Neoantigen Peptide Vaccine Strategy in Pancreatic Cancer Patients Following Surgical Resection and Adjuvant Chemotherapy

Study Description
Brief Summary:
This is a phase 1 open-label study to evaluate the safety and immunogenicity of a neoantigen peptide vaccine strategy in pancreatic cancer patients following surgical resection and adjuvant chemotherapy. The neoantigen peptide vaccines will incorporate prioritized neoantigens and personalized mesothelin epitopes and will be co-administered with poly-ICLC. The hypothesis of this study is that neoantigen peptide vaccines will be safe and capable of generating measurable neoantigen-specific CD4 and CD8 T cell responses.

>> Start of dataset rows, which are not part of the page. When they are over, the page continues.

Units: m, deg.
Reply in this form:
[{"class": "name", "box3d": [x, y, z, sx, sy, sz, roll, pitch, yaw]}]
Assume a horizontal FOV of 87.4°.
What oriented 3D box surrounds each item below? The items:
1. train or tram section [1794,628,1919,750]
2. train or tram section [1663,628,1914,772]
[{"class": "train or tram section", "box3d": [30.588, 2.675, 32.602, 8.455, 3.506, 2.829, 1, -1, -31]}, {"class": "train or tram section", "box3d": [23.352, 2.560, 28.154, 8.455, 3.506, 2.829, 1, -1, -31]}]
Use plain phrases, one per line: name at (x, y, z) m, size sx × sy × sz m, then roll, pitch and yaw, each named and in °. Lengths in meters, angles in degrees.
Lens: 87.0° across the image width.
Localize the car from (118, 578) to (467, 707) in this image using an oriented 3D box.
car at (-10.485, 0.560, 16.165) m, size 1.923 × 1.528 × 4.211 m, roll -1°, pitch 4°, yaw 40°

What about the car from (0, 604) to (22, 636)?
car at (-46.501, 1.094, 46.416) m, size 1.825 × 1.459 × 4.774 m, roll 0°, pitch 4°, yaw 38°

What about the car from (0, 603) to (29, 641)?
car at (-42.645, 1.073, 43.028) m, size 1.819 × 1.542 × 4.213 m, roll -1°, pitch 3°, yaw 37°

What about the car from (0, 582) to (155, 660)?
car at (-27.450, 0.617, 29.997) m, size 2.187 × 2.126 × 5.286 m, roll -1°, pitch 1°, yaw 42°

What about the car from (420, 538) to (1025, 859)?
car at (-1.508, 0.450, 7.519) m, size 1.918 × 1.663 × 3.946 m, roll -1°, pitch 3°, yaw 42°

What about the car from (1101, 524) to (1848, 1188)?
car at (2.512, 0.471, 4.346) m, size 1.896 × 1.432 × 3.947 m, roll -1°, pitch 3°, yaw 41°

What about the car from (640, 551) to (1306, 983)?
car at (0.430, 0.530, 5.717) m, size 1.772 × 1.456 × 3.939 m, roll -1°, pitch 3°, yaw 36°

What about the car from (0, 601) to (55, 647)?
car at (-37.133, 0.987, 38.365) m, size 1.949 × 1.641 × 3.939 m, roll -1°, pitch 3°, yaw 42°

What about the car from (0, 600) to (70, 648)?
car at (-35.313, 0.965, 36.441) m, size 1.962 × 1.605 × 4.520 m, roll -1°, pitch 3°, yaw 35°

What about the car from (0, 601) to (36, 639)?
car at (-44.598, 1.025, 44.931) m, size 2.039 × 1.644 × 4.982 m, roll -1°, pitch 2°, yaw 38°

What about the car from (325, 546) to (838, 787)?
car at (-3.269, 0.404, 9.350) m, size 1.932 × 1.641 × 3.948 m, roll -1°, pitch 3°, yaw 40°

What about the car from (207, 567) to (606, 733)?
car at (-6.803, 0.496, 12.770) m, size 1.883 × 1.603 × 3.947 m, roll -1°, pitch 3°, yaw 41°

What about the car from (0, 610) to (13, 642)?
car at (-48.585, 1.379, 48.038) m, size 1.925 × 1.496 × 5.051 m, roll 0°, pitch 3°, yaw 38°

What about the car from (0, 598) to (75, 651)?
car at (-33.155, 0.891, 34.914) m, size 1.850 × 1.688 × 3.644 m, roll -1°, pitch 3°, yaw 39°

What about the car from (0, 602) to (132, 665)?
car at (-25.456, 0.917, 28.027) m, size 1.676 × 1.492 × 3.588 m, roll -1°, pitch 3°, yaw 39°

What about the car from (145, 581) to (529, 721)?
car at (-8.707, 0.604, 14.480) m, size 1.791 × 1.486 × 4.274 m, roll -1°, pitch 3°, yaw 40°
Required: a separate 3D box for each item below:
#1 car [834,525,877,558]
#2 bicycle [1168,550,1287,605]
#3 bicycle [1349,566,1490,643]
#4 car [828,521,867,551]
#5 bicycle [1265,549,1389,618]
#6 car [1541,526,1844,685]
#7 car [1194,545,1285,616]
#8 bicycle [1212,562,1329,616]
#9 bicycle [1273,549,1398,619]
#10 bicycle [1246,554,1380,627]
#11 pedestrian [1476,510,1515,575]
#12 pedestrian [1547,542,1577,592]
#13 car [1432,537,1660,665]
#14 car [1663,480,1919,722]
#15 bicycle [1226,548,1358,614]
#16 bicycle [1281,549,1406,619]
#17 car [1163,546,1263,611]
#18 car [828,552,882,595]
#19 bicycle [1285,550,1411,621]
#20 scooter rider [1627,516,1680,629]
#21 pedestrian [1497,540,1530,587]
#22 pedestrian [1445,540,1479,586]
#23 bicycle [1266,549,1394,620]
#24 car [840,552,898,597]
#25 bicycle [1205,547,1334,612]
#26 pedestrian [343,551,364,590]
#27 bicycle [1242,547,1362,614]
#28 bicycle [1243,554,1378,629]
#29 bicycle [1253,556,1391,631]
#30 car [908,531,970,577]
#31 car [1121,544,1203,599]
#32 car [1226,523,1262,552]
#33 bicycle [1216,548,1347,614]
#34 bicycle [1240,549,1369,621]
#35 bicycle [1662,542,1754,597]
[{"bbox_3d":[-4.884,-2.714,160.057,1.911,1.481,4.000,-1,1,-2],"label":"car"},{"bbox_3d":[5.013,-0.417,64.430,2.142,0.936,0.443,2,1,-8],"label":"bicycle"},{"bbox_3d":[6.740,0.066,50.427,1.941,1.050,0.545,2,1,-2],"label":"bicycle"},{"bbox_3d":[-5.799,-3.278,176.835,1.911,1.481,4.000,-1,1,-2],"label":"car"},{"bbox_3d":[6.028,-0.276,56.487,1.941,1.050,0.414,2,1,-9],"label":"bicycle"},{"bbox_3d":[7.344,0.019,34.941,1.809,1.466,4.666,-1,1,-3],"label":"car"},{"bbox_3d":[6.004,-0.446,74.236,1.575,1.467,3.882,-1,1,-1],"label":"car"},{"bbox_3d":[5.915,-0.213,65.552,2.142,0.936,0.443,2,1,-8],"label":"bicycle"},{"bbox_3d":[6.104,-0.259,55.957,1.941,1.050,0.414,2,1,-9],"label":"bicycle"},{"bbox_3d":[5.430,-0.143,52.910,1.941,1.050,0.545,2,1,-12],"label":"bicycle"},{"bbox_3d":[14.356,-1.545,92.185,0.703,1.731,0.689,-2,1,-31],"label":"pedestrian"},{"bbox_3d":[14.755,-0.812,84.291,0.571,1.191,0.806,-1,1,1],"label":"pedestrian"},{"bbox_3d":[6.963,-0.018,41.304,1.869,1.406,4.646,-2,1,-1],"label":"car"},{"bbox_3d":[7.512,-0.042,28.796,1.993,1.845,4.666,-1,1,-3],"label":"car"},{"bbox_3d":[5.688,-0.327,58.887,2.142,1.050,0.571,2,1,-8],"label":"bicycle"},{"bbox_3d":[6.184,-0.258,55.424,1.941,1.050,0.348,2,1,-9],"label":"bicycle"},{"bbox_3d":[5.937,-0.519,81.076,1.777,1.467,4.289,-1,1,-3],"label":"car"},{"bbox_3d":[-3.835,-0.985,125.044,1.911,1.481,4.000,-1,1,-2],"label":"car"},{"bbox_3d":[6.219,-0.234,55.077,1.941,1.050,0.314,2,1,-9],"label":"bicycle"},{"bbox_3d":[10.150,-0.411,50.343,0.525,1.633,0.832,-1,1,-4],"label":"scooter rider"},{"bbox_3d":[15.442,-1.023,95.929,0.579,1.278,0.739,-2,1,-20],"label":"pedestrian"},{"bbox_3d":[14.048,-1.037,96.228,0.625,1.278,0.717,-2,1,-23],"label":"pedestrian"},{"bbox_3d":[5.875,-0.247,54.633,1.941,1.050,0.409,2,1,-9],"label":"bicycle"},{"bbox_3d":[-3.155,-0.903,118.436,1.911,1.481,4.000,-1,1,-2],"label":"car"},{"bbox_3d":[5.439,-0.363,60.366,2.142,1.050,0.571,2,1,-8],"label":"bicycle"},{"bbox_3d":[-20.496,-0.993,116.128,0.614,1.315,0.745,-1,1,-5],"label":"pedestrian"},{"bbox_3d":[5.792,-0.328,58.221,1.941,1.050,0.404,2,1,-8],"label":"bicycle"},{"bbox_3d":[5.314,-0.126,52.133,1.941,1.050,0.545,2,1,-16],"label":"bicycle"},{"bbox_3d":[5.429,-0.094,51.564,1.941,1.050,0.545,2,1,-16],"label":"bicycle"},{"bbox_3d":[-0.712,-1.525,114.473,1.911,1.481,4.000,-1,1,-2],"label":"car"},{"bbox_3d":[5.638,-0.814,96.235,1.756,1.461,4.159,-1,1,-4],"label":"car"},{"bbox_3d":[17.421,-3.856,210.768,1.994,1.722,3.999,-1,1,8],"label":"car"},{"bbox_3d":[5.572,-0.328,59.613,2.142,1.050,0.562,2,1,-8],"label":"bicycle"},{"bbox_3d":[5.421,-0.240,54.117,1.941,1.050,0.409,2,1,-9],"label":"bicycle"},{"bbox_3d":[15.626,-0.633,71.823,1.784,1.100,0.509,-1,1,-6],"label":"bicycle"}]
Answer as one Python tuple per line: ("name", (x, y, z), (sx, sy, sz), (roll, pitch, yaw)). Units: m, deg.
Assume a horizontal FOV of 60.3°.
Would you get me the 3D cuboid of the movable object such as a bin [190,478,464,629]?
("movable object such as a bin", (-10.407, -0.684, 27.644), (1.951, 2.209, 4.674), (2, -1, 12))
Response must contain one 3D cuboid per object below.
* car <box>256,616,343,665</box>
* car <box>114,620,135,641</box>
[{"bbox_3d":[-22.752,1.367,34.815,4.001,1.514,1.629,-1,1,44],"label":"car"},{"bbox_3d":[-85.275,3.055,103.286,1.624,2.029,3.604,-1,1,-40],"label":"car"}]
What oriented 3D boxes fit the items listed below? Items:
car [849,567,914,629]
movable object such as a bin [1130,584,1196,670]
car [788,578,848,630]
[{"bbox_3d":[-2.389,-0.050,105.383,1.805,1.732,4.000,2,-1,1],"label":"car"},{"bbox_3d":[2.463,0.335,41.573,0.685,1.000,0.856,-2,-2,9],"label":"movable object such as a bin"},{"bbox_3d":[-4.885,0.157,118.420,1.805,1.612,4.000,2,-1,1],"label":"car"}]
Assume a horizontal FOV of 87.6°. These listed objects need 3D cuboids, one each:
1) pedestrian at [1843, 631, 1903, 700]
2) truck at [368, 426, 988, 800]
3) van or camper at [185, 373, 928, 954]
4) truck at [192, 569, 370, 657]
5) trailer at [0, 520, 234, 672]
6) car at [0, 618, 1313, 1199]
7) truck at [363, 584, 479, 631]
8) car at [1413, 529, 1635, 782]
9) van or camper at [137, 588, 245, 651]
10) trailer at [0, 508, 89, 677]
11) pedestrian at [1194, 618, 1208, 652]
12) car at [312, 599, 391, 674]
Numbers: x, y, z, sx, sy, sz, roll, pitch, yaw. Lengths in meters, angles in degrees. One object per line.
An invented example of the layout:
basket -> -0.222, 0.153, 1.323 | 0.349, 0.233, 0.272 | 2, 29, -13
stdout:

Condition or disease Intervention/treatment Phase
Pancreas Cancer Pancreatic Cancer Cancer of the Pancreas Biological: Neoantigen Peptide Vaccine Drug: Poly ICLC Procedure: Blood for immune monitoring Phase 1

Study Design
Layout table for study information
Study Type : Interventional  (Clinical Trial)
Estimated Enrollment : 15 participants
Allocation: N/A
Intervention Model: Single Group Assignment
Masking: None (Open Label)
Primary Purpose: Treatment
Official Title: A Phase 1 Clinical Trial to Evaluate the Safety and Immunogenicity of a Neoantigen Peptide Vaccine Strategy in Pancreatic Cancer Patients Following Surgical Resection and Adjuvant Chemotherapy
Actual Study Start Date : February 13, 2020
Estimated Primary Completion Date : August 31, 2022
Estimated Study Completion Date : July 31, 2023
Arms and Interventions
Arm Intervention/treatment
Experimental: Neoantigen Peptide Vaccine
The schedule for vaccination will be Days 1, 4, 8, 15, and 22 (delays of up to 96 hours are allowed for each dose based on the adverse events experienced). Additional vaccinations will be given on Days 50 and 78 (+/- 2 weeks). The first vaccine dose may be administered following confirmation of disease-free status and within 90 days following date of repeat imaging. All study injections will be given subcutaneously and co-administered with poly-ICLC by a trained healthcare provider.
Biological: Neoantigen Peptide Vaccine
• Each pool of vaccine study drug + poly IC:LC will be administered to one of the four limbs (A - Right Arm, B - Left Arm, C - Right Leg, D - Left Leg) by subcutaneous (SC) injection.

Drug: Poly ICLC
• Each pool of vaccine study drug + poly IC:LC will be administered to one of the four limbs (A - Right Arm, B - Left Arm, C - Right Leg, D - Left Leg) by subcutaneous (SC) injection.
Other Names:
  • Poly-ICLC
  • Hiltonol

Procedure: Blood for immune monitoring
-Baseline, day 1, day 22, day 50, day 78, week 25, and week 73

Outcome Measures
Primary Outcome Measures :
  1. Safety of neoantigen peptide vaccine as measured by the number of serious adverse events [ Time Frame: Through week 24 ]
    -Toxicity will be graded according to the National Cancer Institute Common Terminology Criteria for Adverse Events v5.0.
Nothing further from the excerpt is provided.